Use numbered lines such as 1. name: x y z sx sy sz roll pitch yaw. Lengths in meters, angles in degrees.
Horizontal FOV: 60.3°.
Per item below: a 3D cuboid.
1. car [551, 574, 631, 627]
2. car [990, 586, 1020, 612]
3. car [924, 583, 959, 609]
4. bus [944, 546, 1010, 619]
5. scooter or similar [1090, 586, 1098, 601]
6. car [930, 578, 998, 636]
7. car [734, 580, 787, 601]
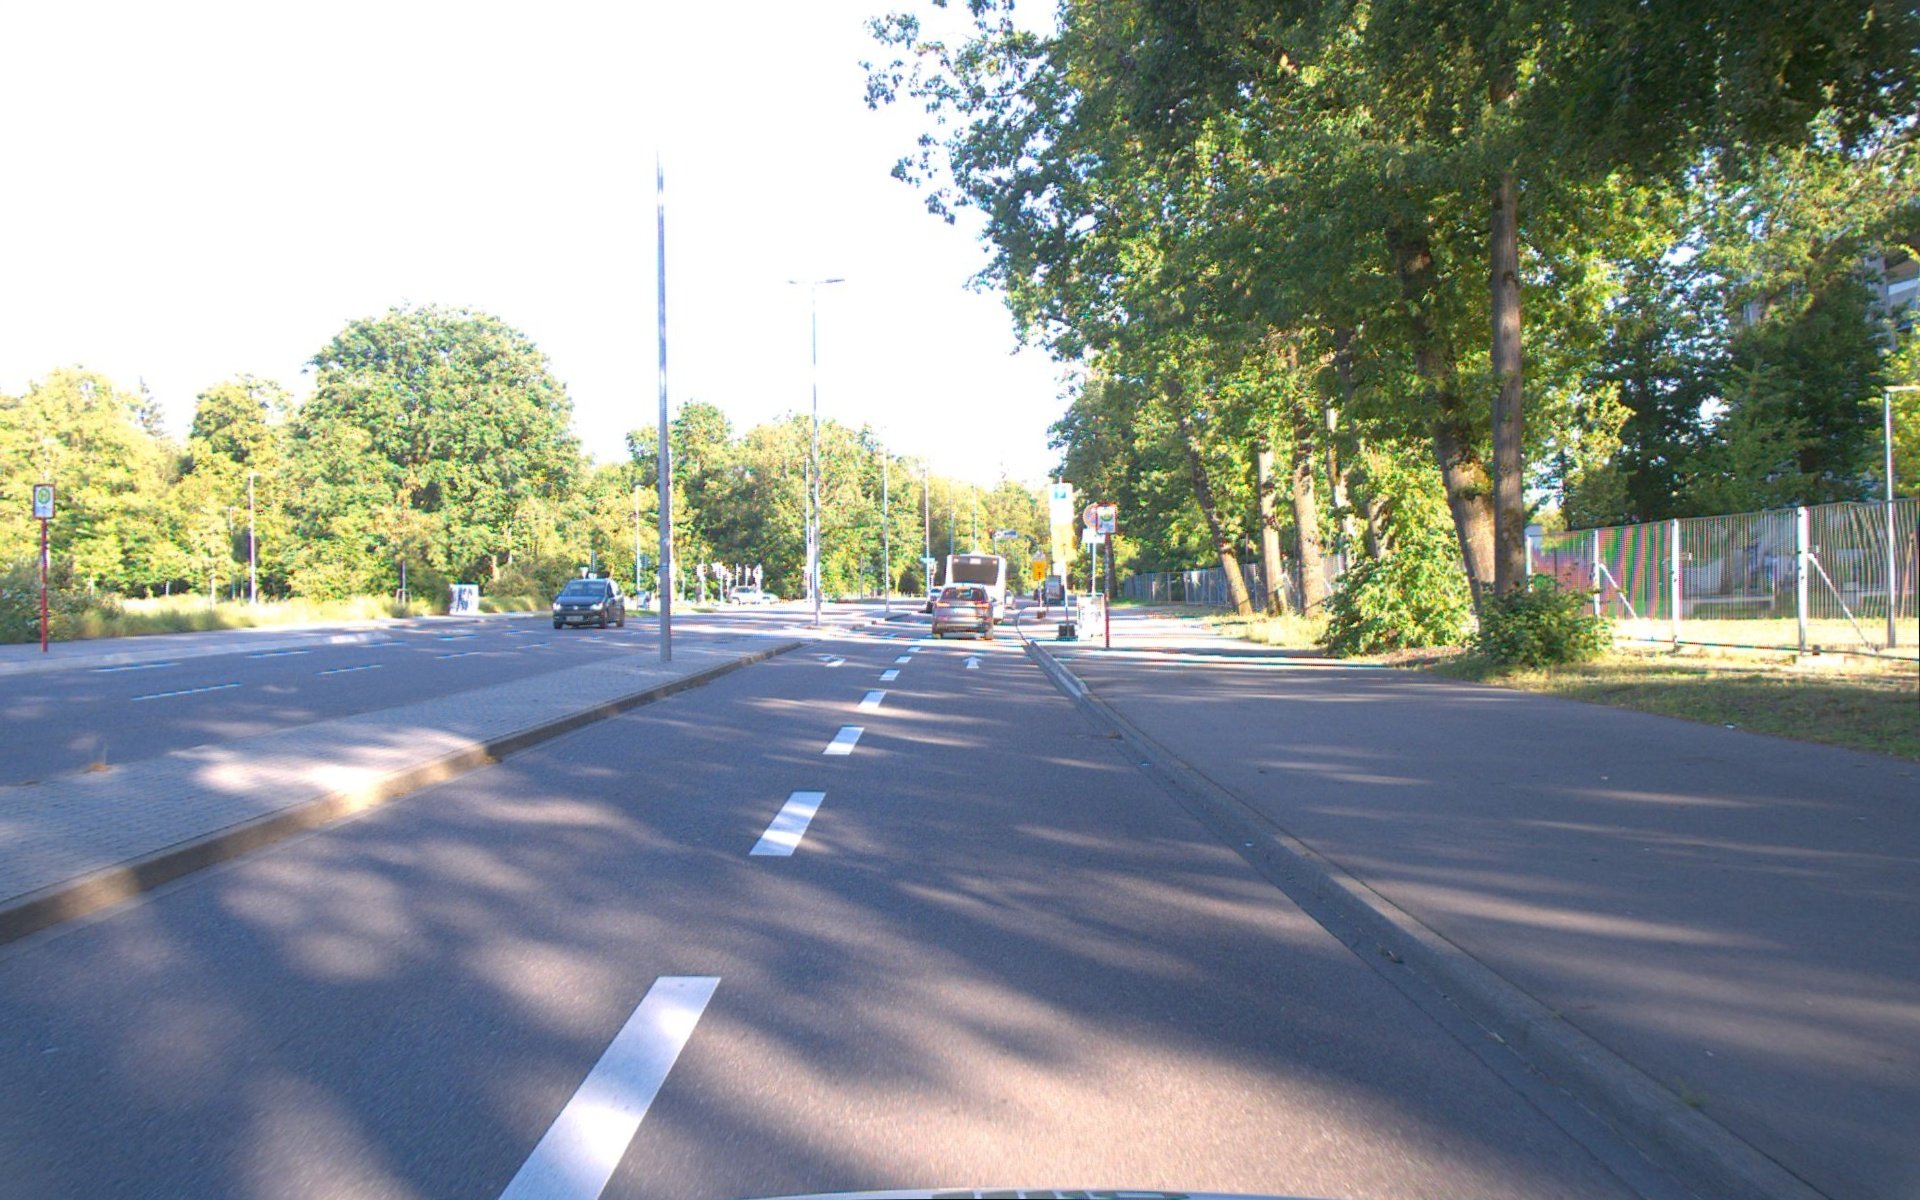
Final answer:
1. car: -12.824 -0.021 57.688 1.747 1.721 4.702 1 1 -1
2. car: 3.213 -0.058 116.379 1.870 1.758 4.581 1 0 4
3. car: -1.074 -0.254 98.040 1.798 1.545 4.002 0 1 3
4. bus: 0.843 -0.745 73.892 2.540 3.041 9.330 1 0 3
5. scooter or similar: 13.723 -0.683 169.303 0.497 1.469 2.021 -1 0 -2
6. car: 0.165 0.180 50.353 1.859 1.660 4.002 1 1 3
7. car: -16.521 -0.806 137.135 4.131 1.612 2.105 -2 0 1
- - - - - - -
*WHAT YOU SHOULD DO*.
Take the records above from the line with "4. bus [944, 546, 1010, 619]" down to their last line and please copy those lines exactly, without the pictures.

*ANSWER*.
4. bus [944, 546, 1010, 619]
5. scooter or similar [1090, 586, 1098, 601]
6. car [930, 578, 998, 636]
7. car [734, 580, 787, 601]
Final answer:
1. car: -12.824 -0.021 57.688 1.747 1.721 4.702 1 1 -1
2. car: 3.213 -0.058 116.379 1.870 1.758 4.581 1 0 4
3. car: -1.074 -0.254 98.040 1.798 1.545 4.002 0 1 3
4. bus: 0.843 -0.745 73.892 2.540 3.041 9.330 1 0 3
5. scooter or similar: 13.723 -0.683 169.303 0.497 1.469 2.021 -1 0 -2
6. car: 0.165 0.180 50.353 1.859 1.660 4.002 1 1 3
7. car: -16.521 -0.806 137.135 4.131 1.612 2.105 -2 0 1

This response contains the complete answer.